Ray has the soul of a poet. Driving across the Kalahari on his mission, Ray is reminded of something he’d forgotten: that he had passed through a very brief suicidal period in his youth. “The Kalahari was bringing it back because the Kalahari was saying something to him. It was saying to die, actually.” This is wit. What Karen has is something else, something striven for, strained, self-interested—a repertoire of pedantic tics she mistakes for wit.

Karen has the soul of a lawyer. She never plays with her intelligence, always deploys it to beat others, to allow herself to feel superior to them. Where Ray uses literature as a consolation (and, granted, a cocoon), Karen uses it as a credential. (From Mating: “As we were eating, my face got hot when I realized that I had come within an ace of saying Yes, Silone, the fascist or profascist. I had been thinking of Céline.”)

The moments when she and Denoon play their games of literary one-upmanship are the hardest of the novel for me. At such times, Mating seems to have no characters in it—only ideologies and IQs. This is the first novel’s greatest limitation; it stunts character growth, making Mating a much smaller book than Mortals. But this very limitation may redound to the earlier book’s literary prestige because it creates an overlap with the class interests of people who review books. I am not saying that those who praise Mating were wrong to—I myself liked it. But for readers who don’t quite realize they are reading a novel (always a majority of readers, in any social class), Mating makes a low appeal to a kind of patriotism of the nation of academia. Most readers are “rooting for” Karen’s opinions.

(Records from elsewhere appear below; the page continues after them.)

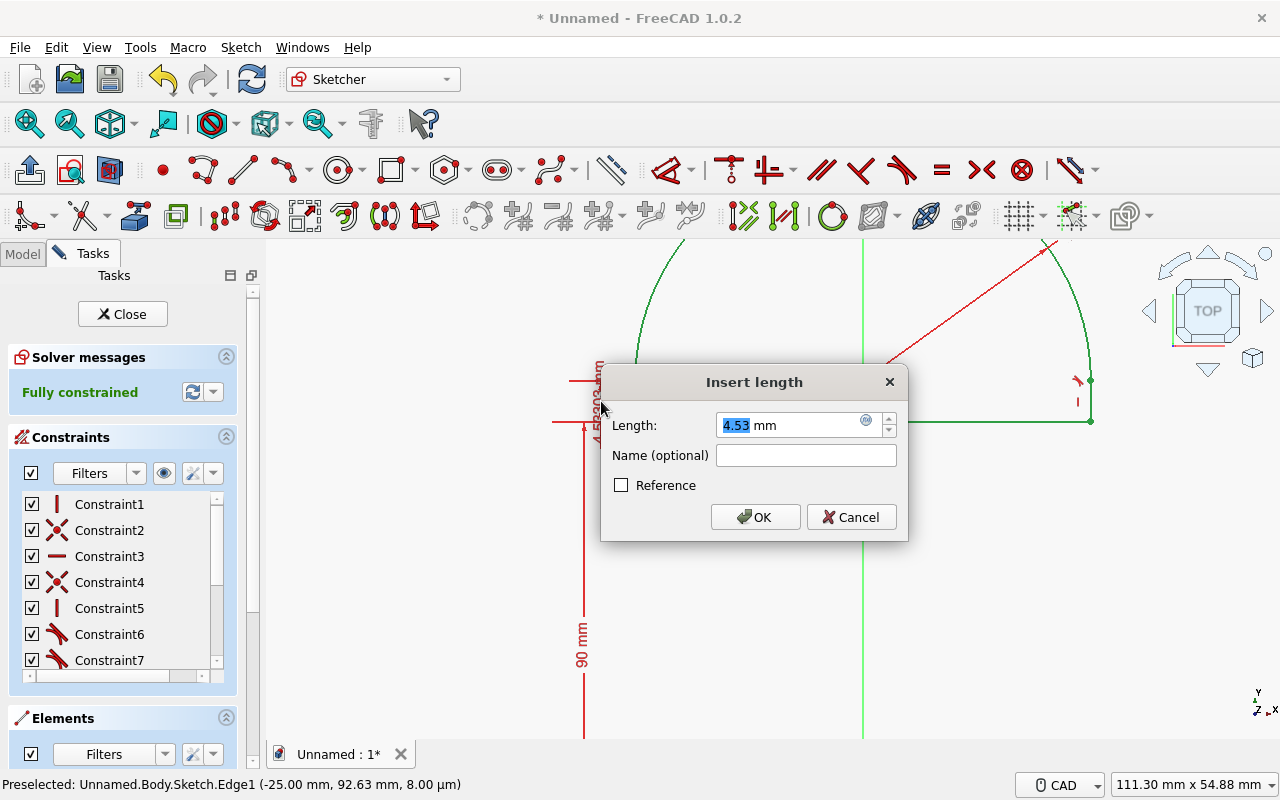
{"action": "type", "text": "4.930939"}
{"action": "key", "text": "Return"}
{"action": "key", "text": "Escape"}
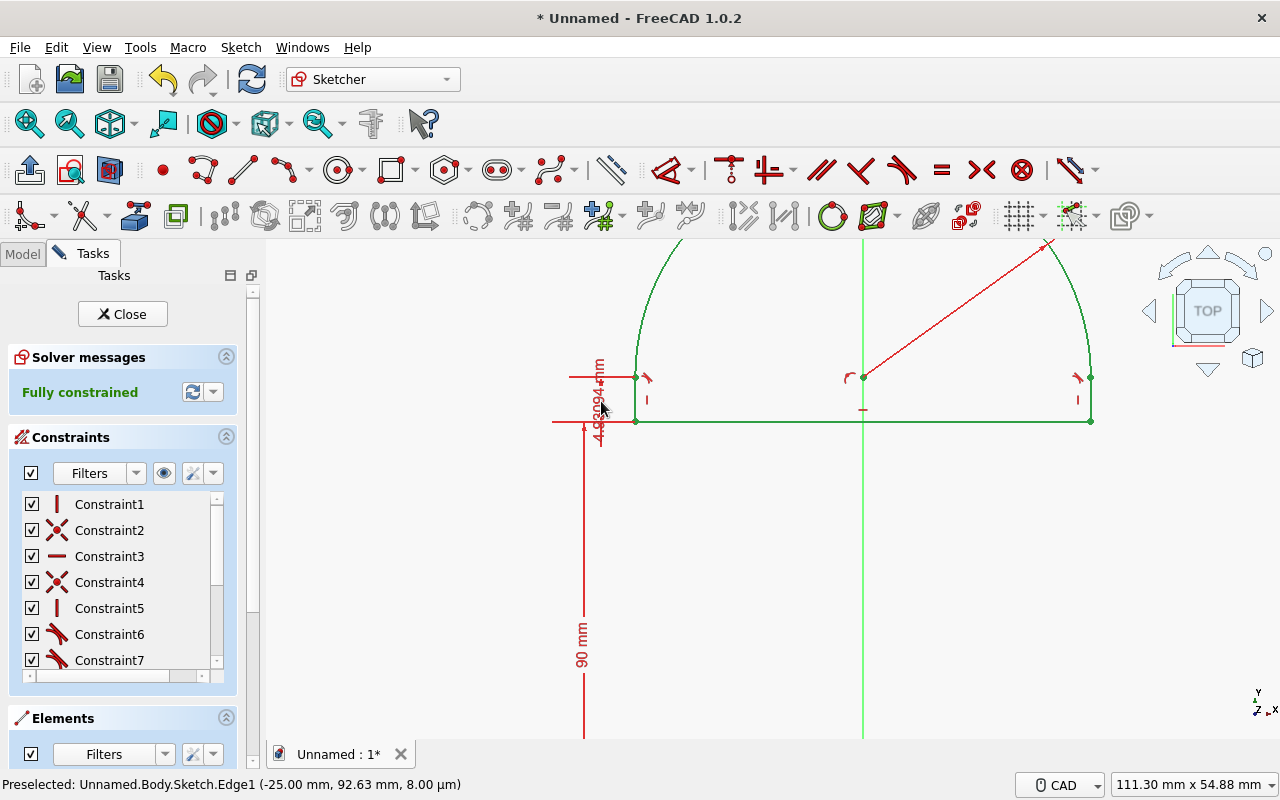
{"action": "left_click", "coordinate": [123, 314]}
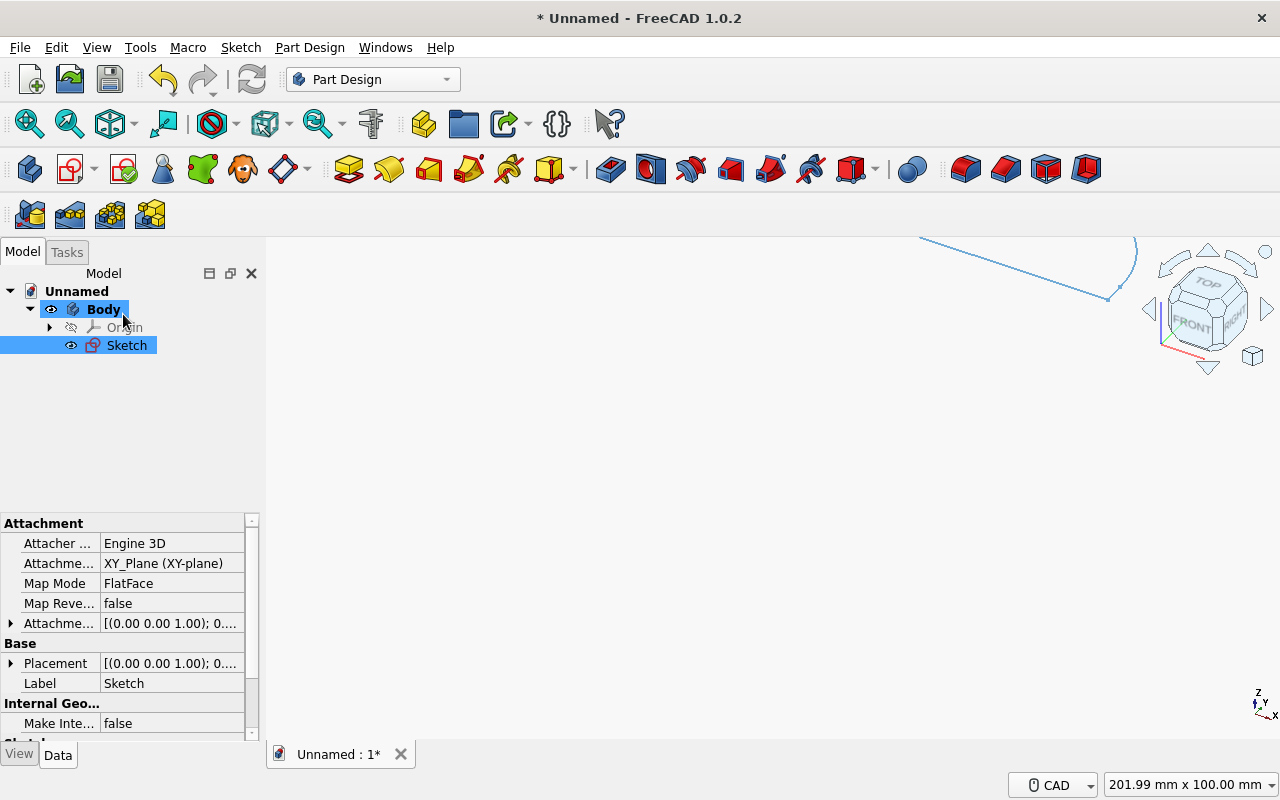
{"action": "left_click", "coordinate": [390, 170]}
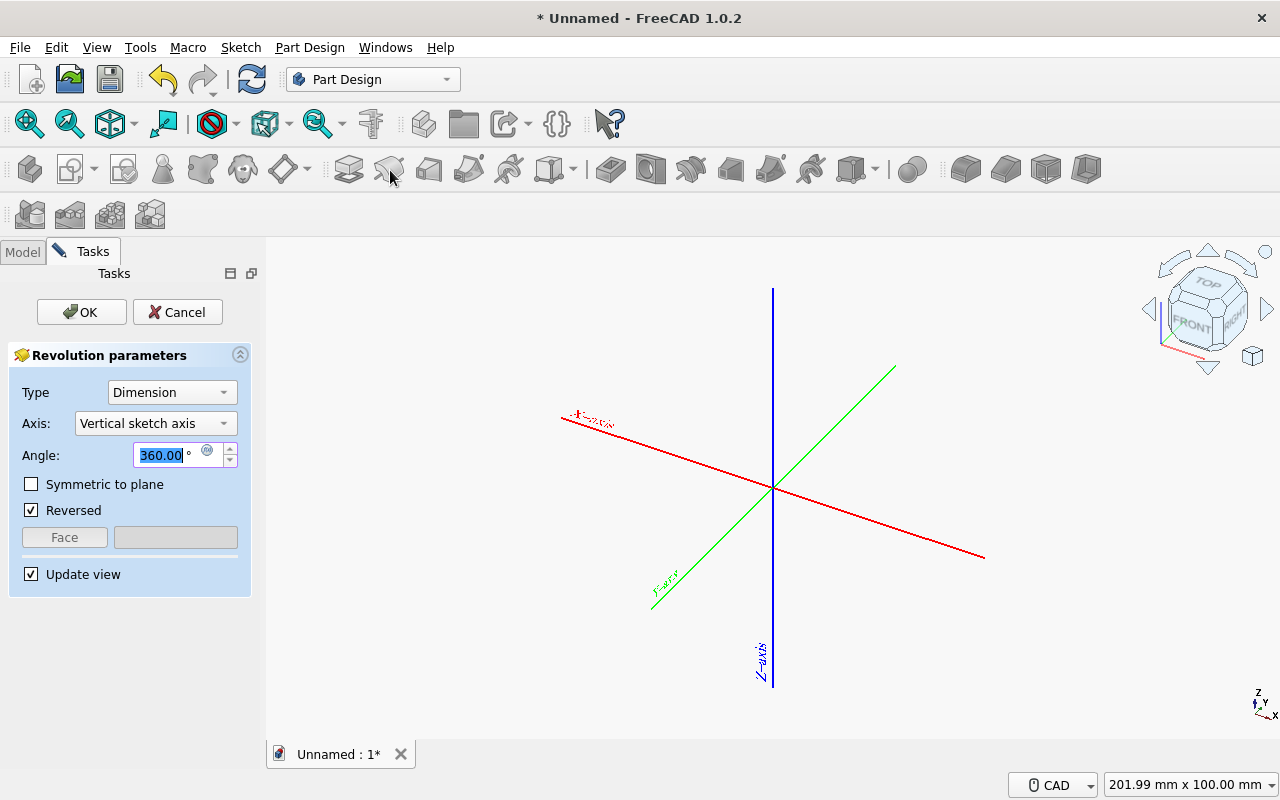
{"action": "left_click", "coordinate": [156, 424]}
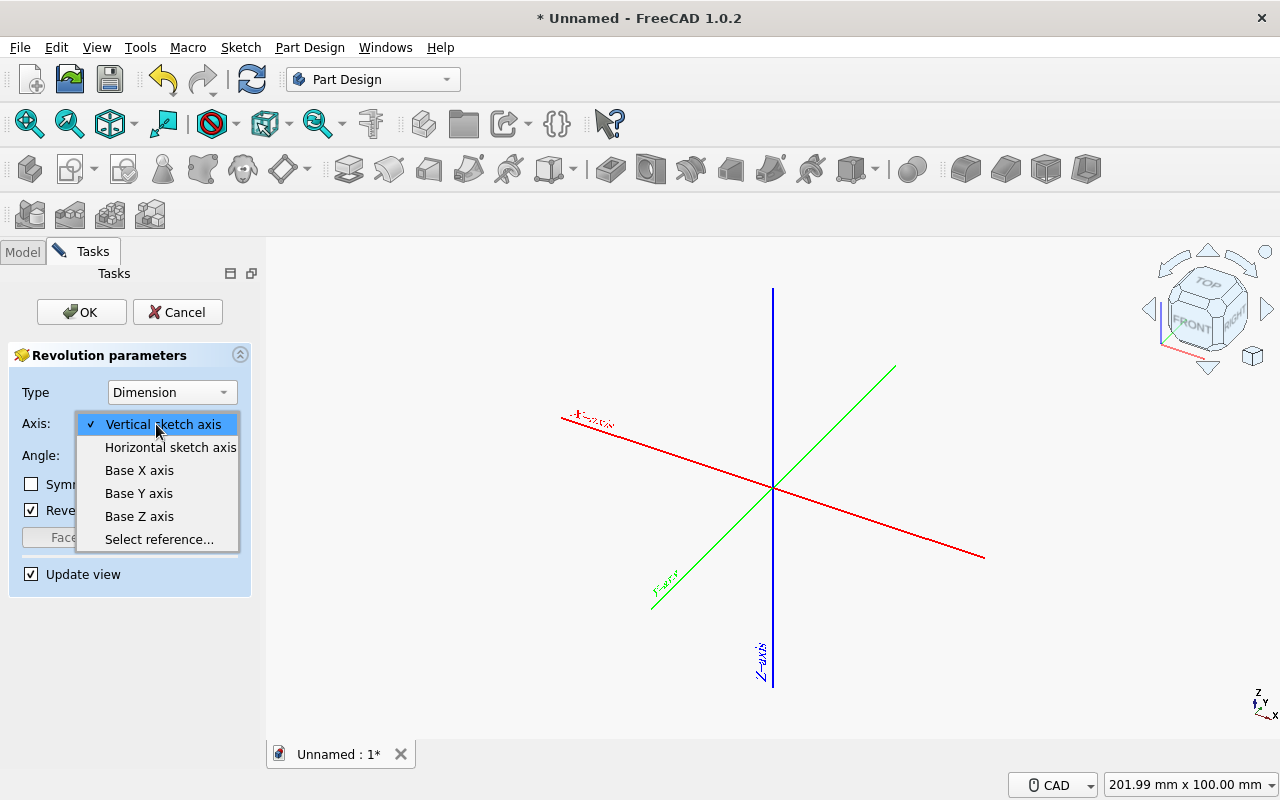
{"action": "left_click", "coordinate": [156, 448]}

The uxoriousness you mentioned in Ray can frustrate the reader, I’ll grant (on which more tomorrow), because it is a source of blindness and blown opportunities for knowing. But it does not leave him more blinkered than Karen’s hardness, snideness, and snobbery do. (Regarding her reappearance in Mortals: Nothing in the book delighted me more than to learn that she was born Karen Ann to a mother named Dooley, but that her mother gave her a new surname—Hoyt—because it reminded her of “hoity-toity.”) There are a couple of passages in Mating in which this snobbery blossoms into a self-satisfaction that is positively eerie: “Honeymoon is the word that inevitably comes to mind, but it certainly doesn’t apply: we were both working all day every day, normally, and also without saying it we both knew we were superior to the term.” Later, Karen excuses her reading of other people’s personal papers because she’s an anthropologist: “Anyone who could see into my heart would exculpate me and realize I was doing it pursuant to my consuming interest in the mystery of the world.”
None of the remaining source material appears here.